Budget cuts of up to 15% to services for disabled children could leave some councils open to legal challenges over the duty to provide short breaks, according to campaign group Every Disabled Child Matters.
Councils have until October to show how they are fulfilling the duty, which comes into force today. However, EDCM has anecdotal evidence that some councils are planning to cut service funding by up to 15% over the next year, prompting concerns that some will be unable to cover local need or fund the new duty.
“This duty will ensure that local authorities and families have a greater understanding of what short breaks services should be provided,” said Christine Lenehan, board member of Every Disabled Child Matters.
“However, we are concerned that some local areas are risking a legal challenge by reducing budgets for disabled children’s services. We urge local authorities to ensure that they are properly resourced to meet their legal duty with respect to disabled children.”
Lenehan added that the government ought to be mindful of the pressure on local authorities’ budgets and should consider the issue of resources in the consultation on the special education needs and disability Green Paper.
Charity Family Action, meanwhile, has warned that disabled children could lose up to £1,366 a year under the proposed universal credit compared with the support they receive now through the disability element of child tax credit.
Under the welfare reforms, now going through parliament, families with disabled children would lose up to £16 a week.

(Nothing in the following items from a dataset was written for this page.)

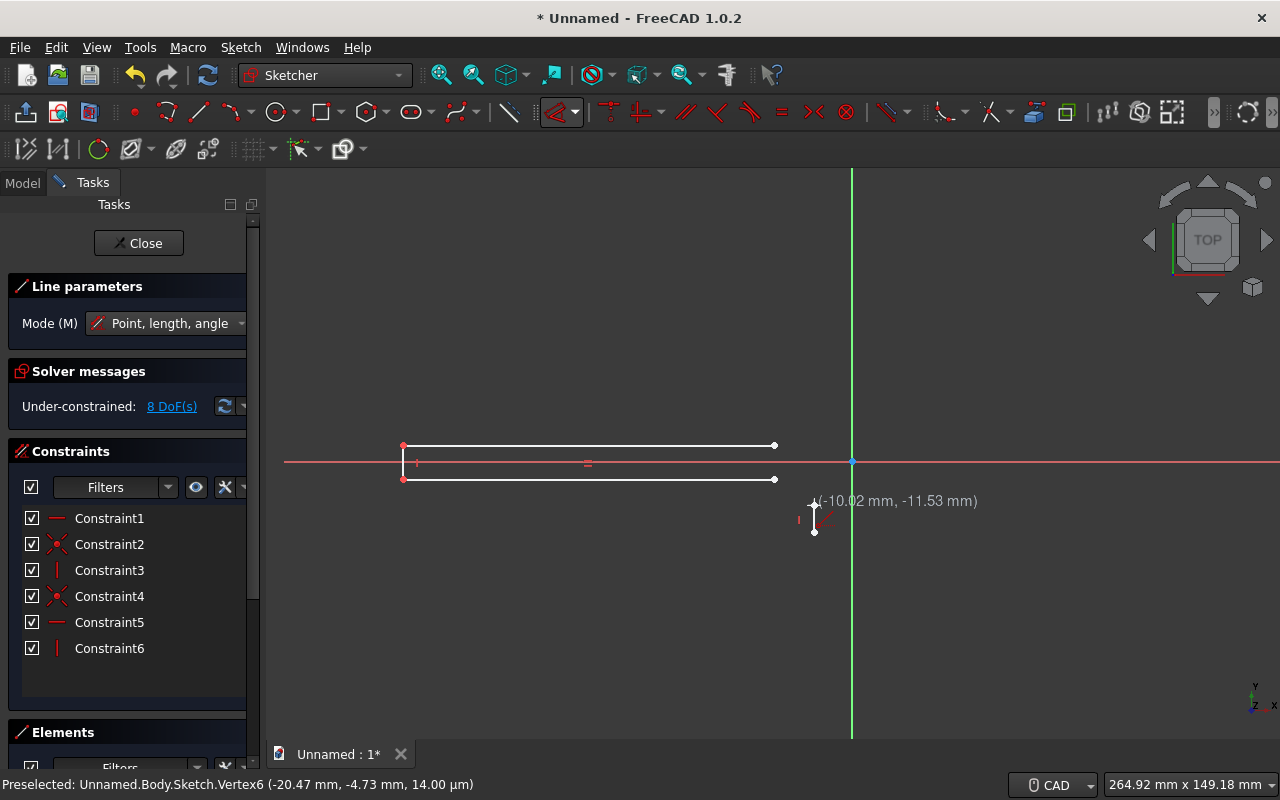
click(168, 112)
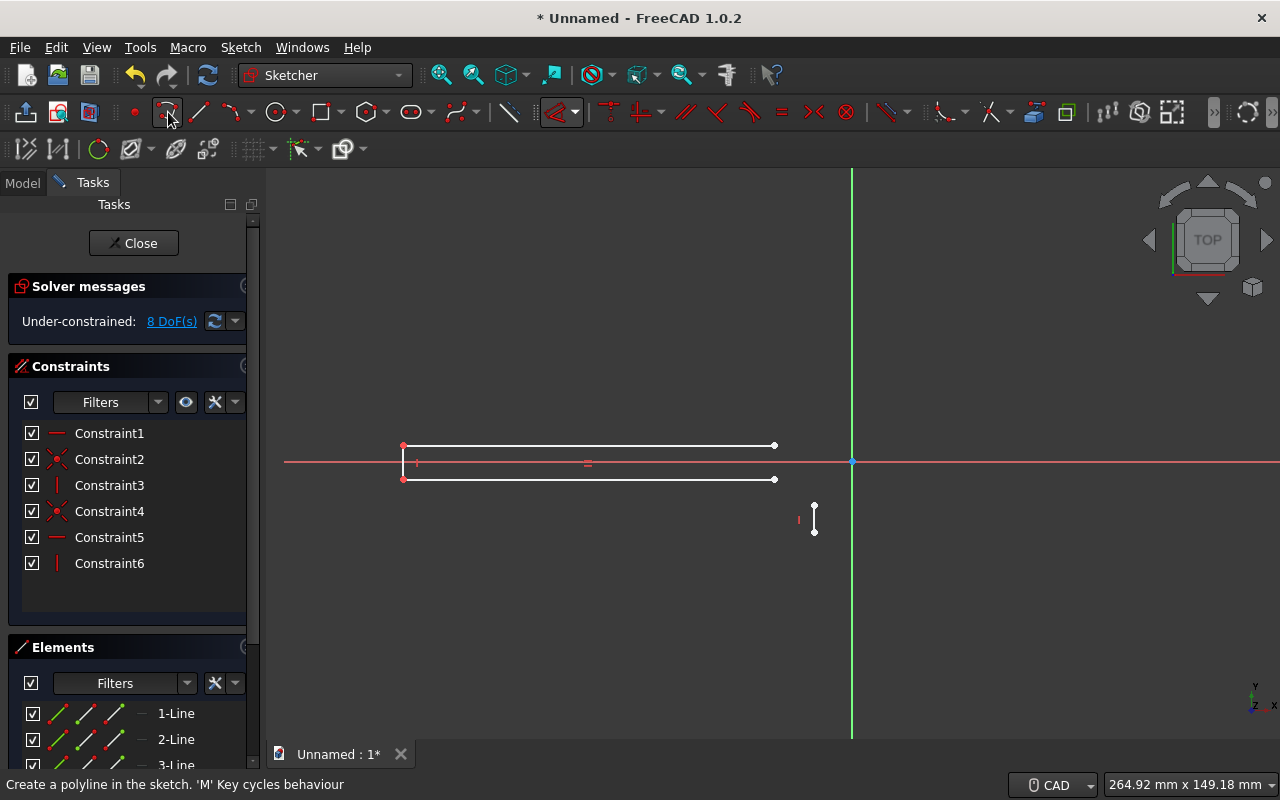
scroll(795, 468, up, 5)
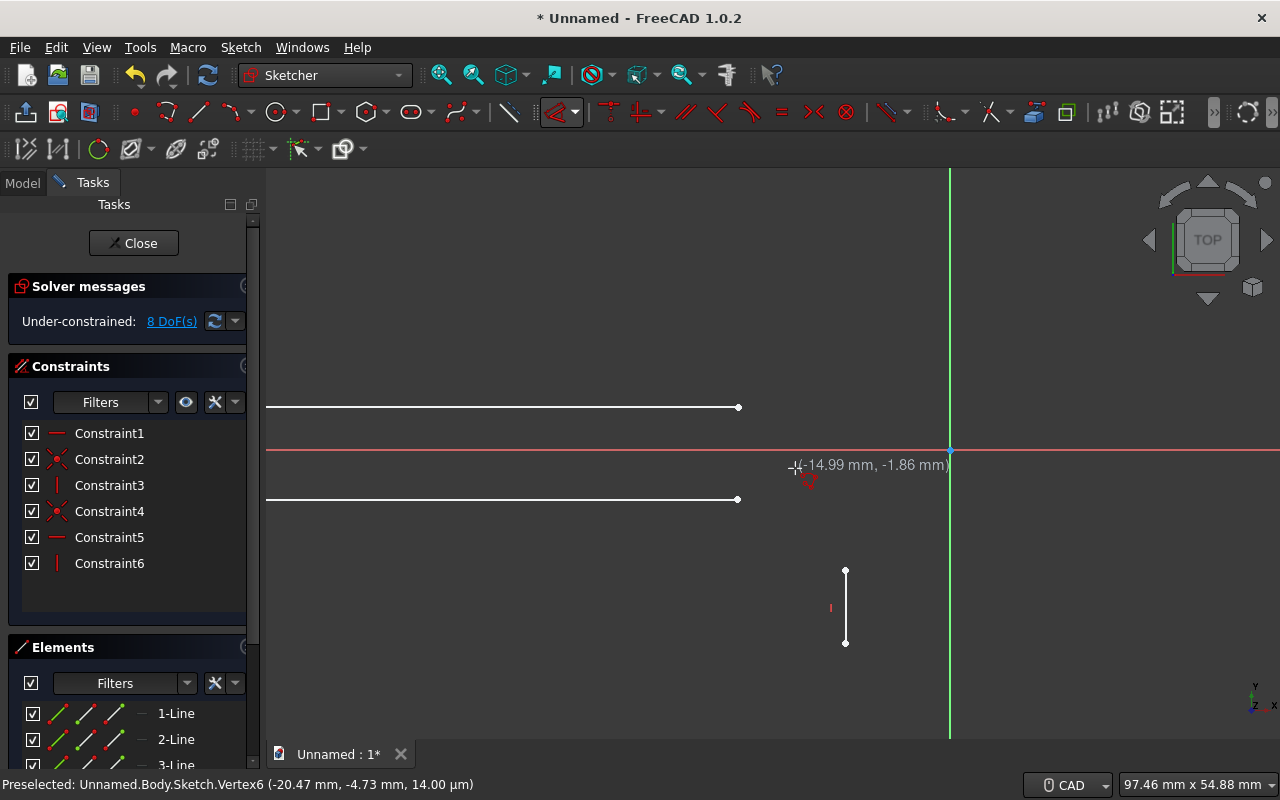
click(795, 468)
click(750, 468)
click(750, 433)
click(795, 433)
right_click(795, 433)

Family Action chief executive Helen Dent said: “We’re due a child poverty strategy but, with this callous cut, the government is making sure that some of the most vulnerable children will be poorer from the start.
“The government’s slash-and-burn approach to support for disabled children will hit some of the most vulnerable and disadvantaged families who rely on this extra support.”
The changes will not affect how much disability living allowance families receive.